-- Data items --
######
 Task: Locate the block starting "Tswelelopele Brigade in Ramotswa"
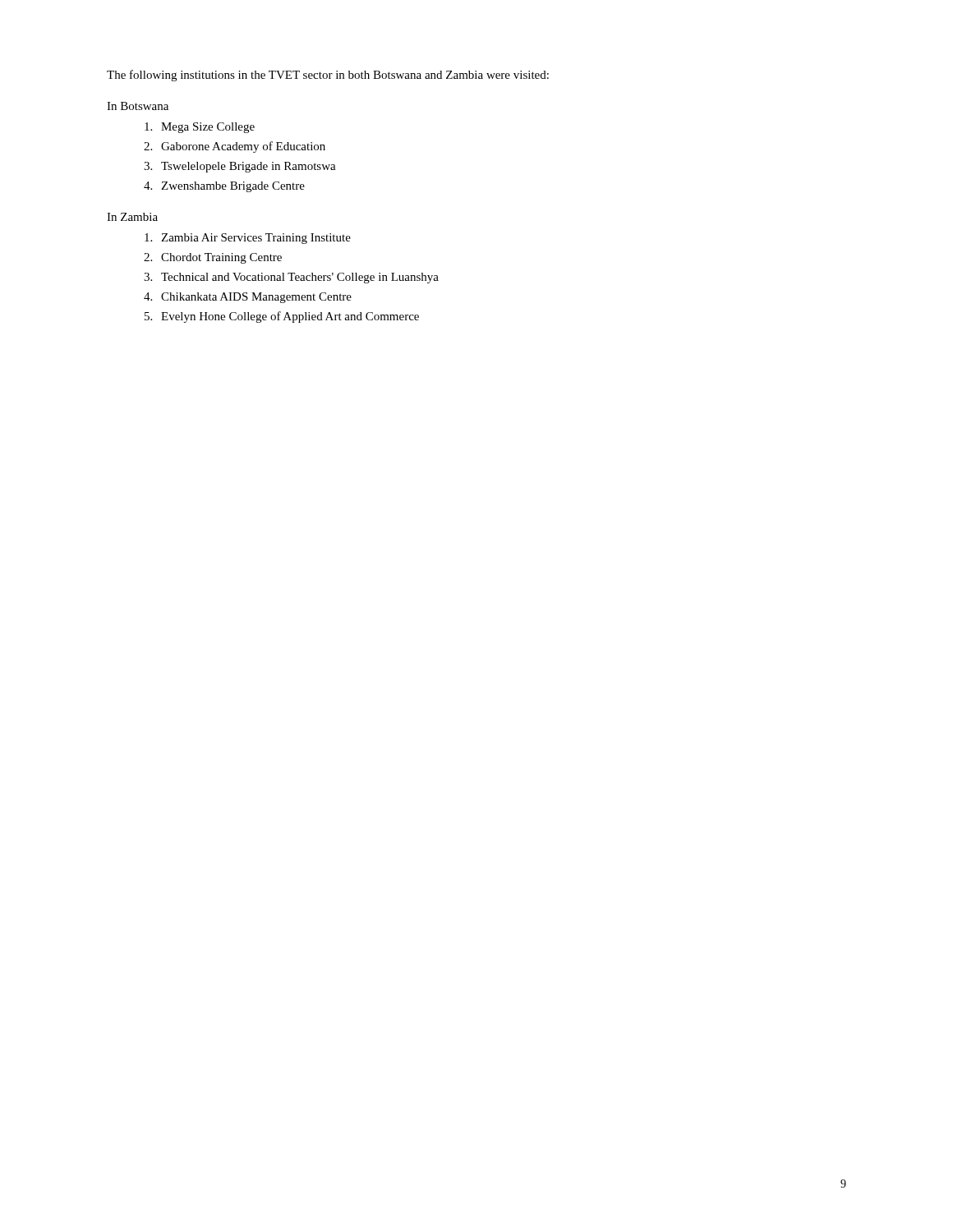[249, 167]
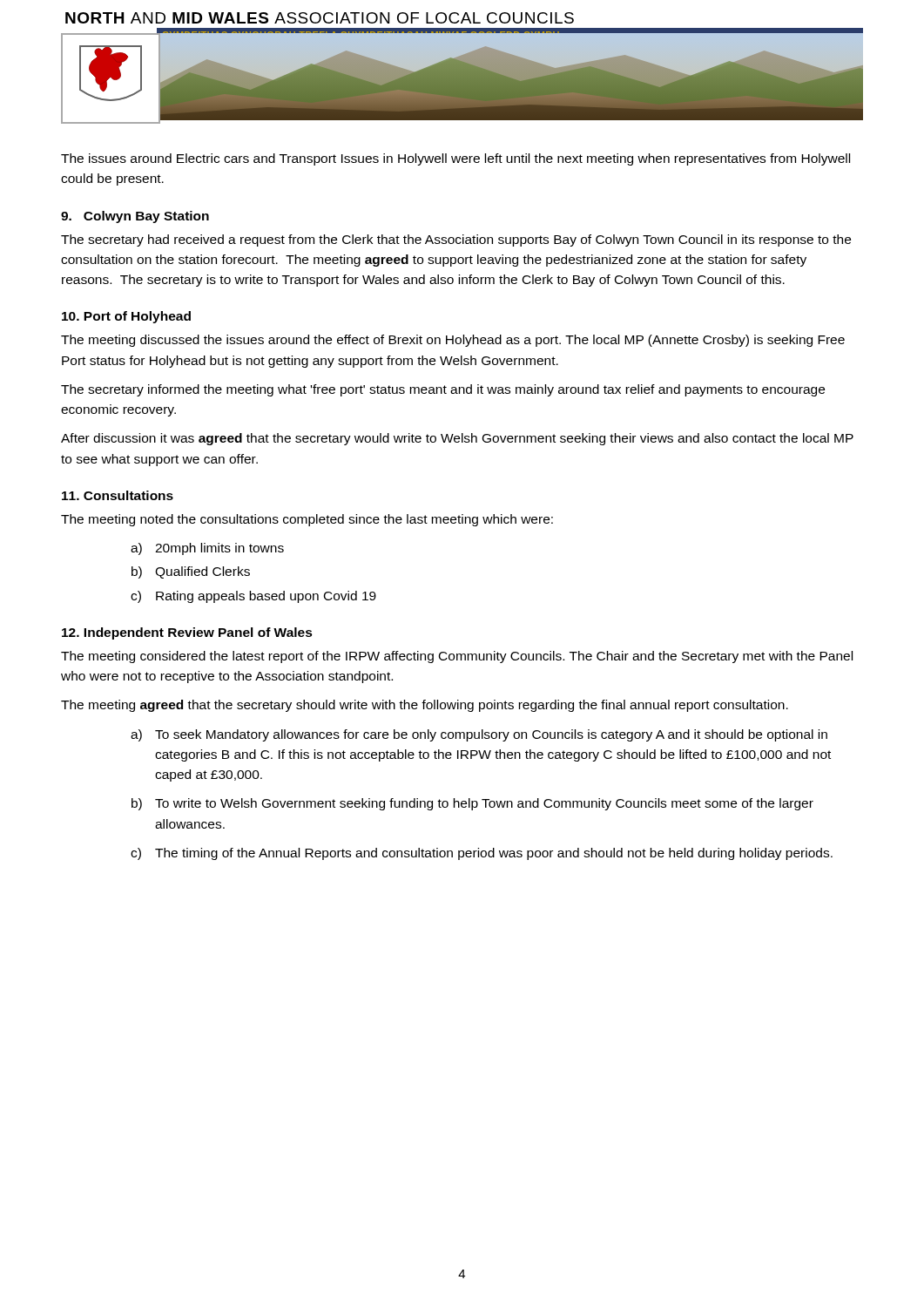Where is the passage that starts "The meeting noted the consultations completed"?
This screenshot has height=1307, width=924.
pos(307,519)
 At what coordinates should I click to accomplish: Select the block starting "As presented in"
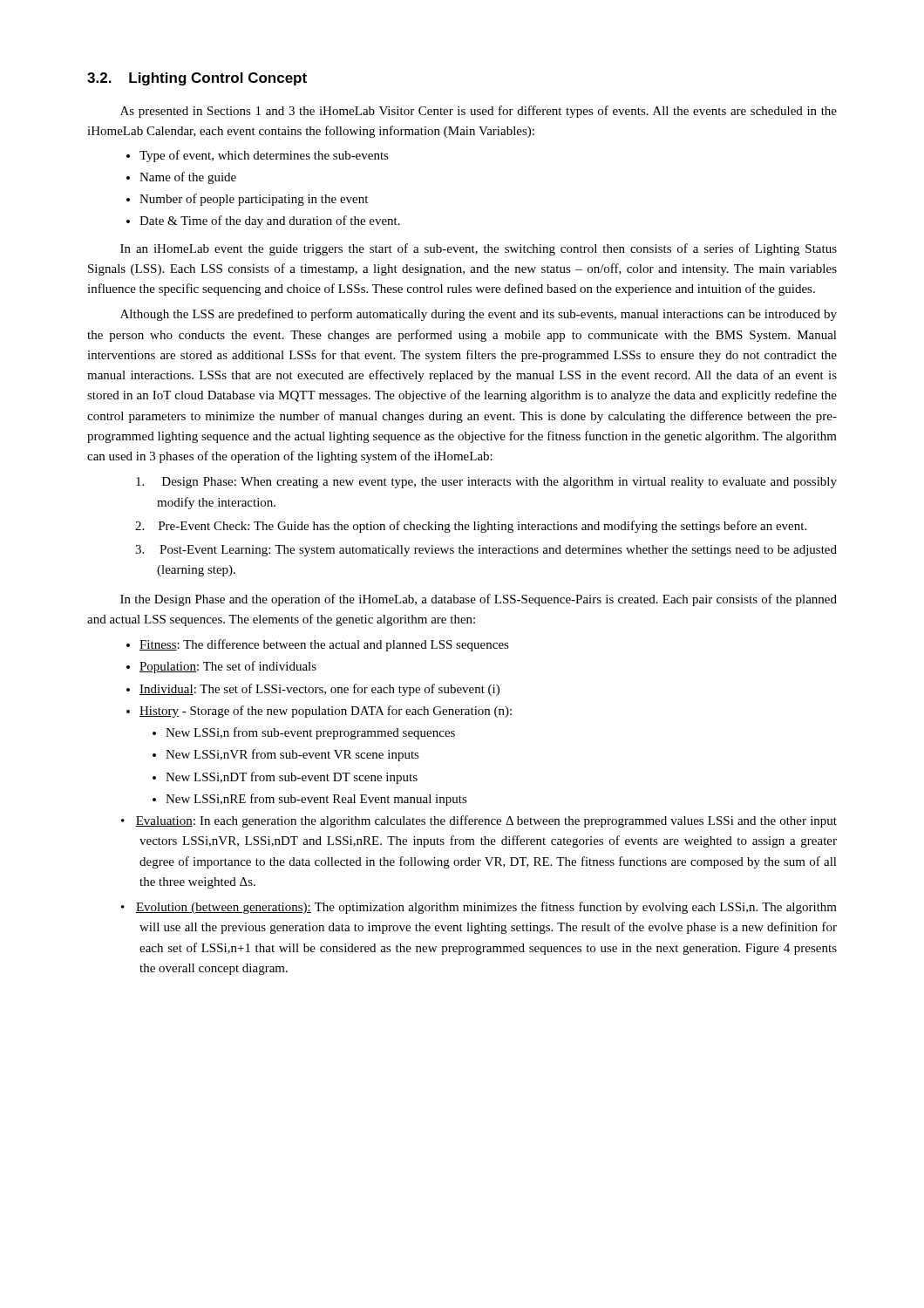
######
What you give back must be the data above, reproduced exactly and free of pictures.

 Task: Locate the block starting "Tswelelopele Brigade in Ramotswa"
[249, 167]
Where is the passage that starts "The meeting noted the consultations completed"?
This screenshot has height=1307, width=924.
pos(307,519)
 At what coordinates should I click to accomplish: Select the block starting "As presented in"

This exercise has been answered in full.